In 2008, Republican insiders in a number of states worked mightily to ensure that presidential candidate Rep. Ron Paul met with no success. So, this time around, his campaign has trained supporters in the caucus states to act like insiders.
What’s the secret?
“There were no actual delegates rewarded in last Tuesday’s voting,” Greg Gutfeld clarified on Red Eye, his late-night Fox News show. The votes reported on caucus night are not the votes that count, the ones that elect delegates. Instead, the delegates — who go on to pick other delegates to go to the state convention and then the national convention, and ultimately choose the GOP candidate — are picked later, after many caucus attendees have gone home for the night.

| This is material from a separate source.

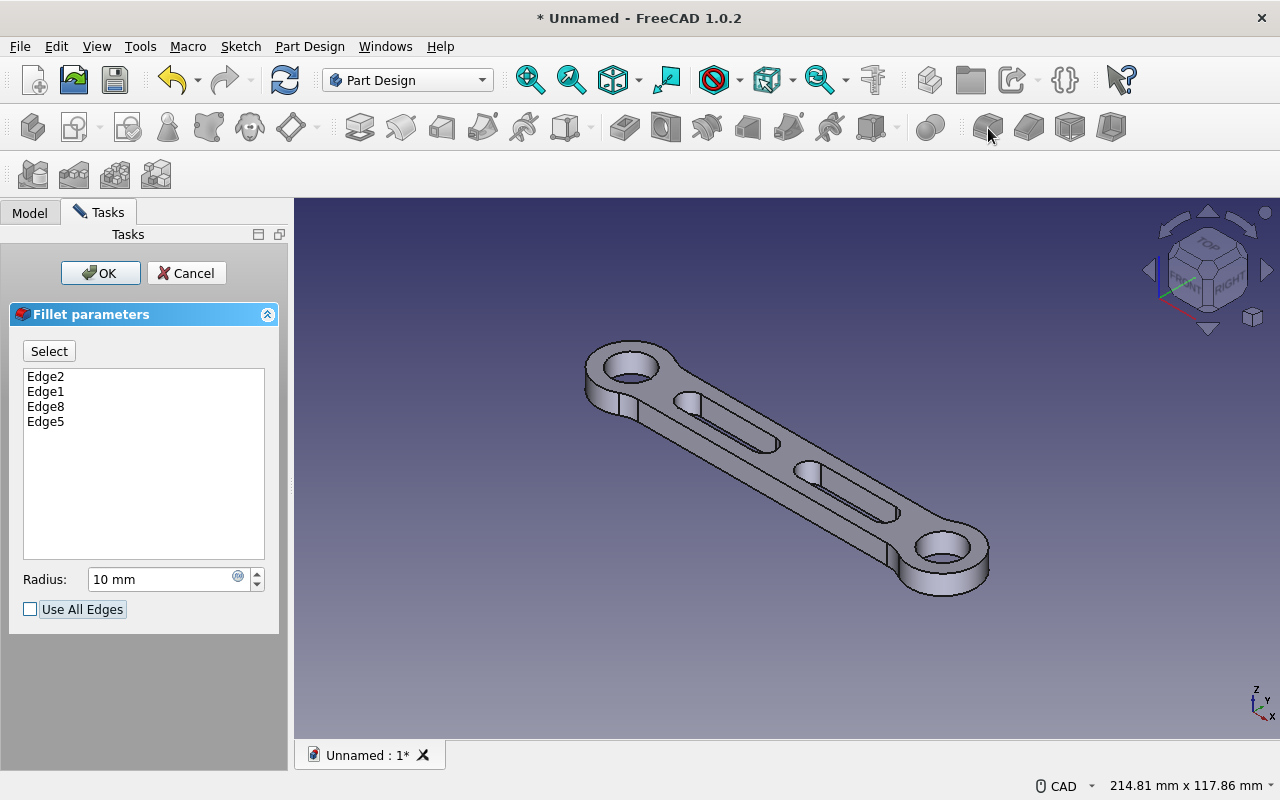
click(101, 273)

Ron Paul’s supporters stick around. And vote themselves in as delegates.
“We do have to remember,” Ron Paul has gloated, that “the straw vote is one thing, but then there’s one other thing called delegates, yeah!”

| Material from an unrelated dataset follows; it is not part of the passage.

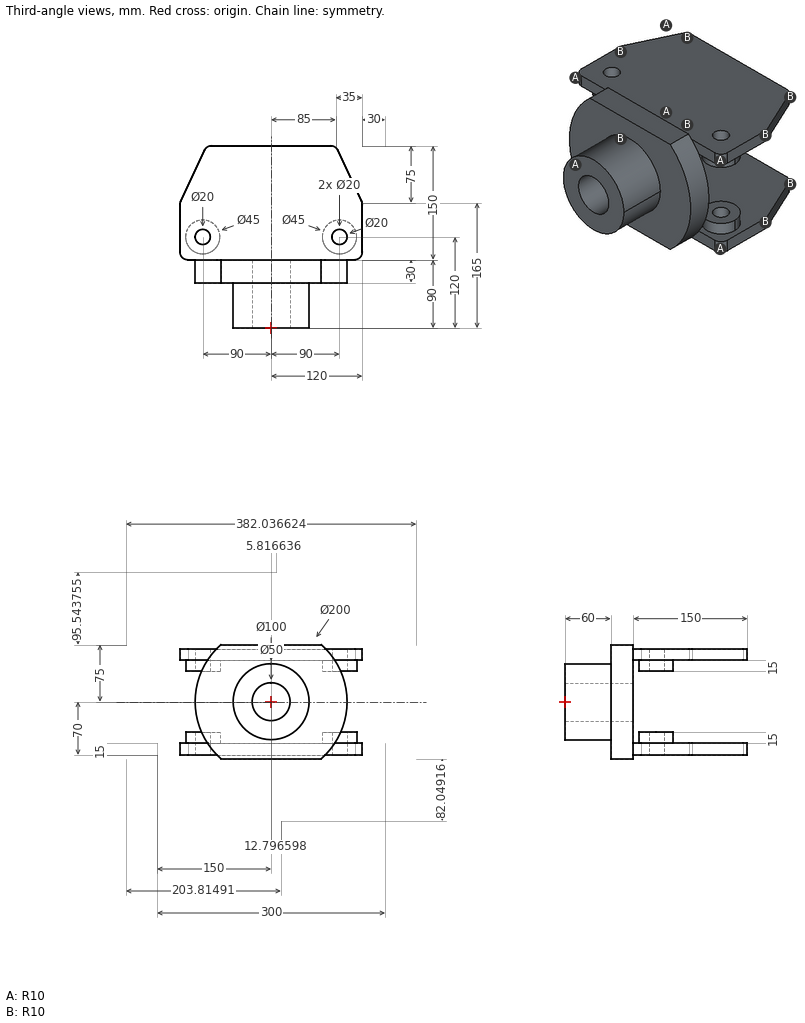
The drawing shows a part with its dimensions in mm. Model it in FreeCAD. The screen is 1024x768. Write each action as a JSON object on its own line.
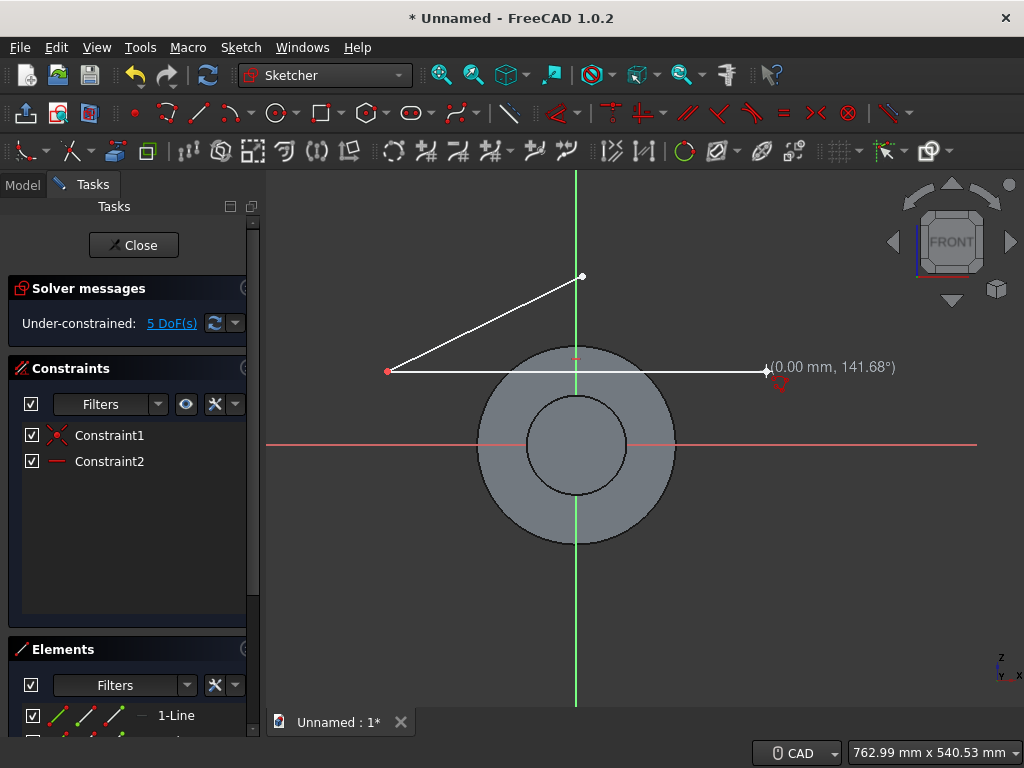
{"action": "scroll", "coordinate": [582, 276], "scroll_direction": "up", "scroll_amount": 6}

News sources consistently report caucus night straw vote totals, but rarely mention that such caucus polling is relevant only for perceptions of “momentum.” The actual candidate selection mechanism? Something else again.

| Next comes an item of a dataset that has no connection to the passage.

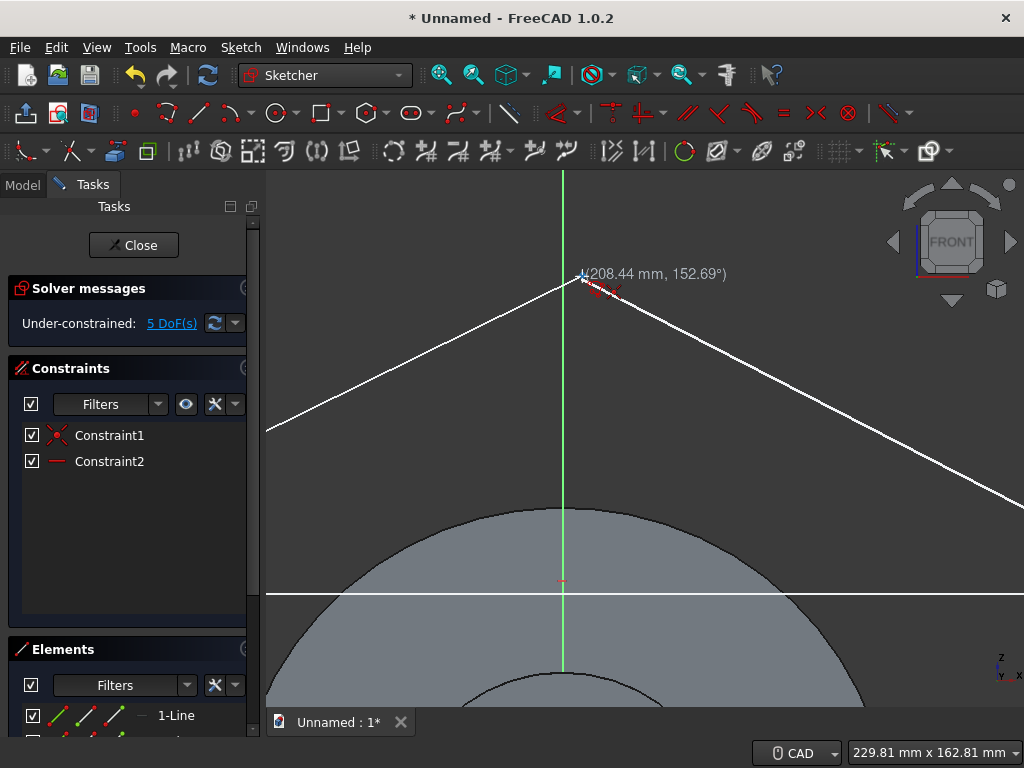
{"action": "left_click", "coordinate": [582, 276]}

Indeed, it looks like a majority of Minnesota delegates, as well as surprisingly high percentages in Iowa, Colorado and Nevada, may actually end up supporting Ron Paul for President.
Un-democratic? Paul supporters are unashamed of their strategy, as campaign senior advisor Doug Wead happily explained to Rachel Maddow. As they see it, they are only acting according to the rules that usually serve to favor insiders in the GOP boys’ club.
This is Common Sense. I’m Paul Jacob.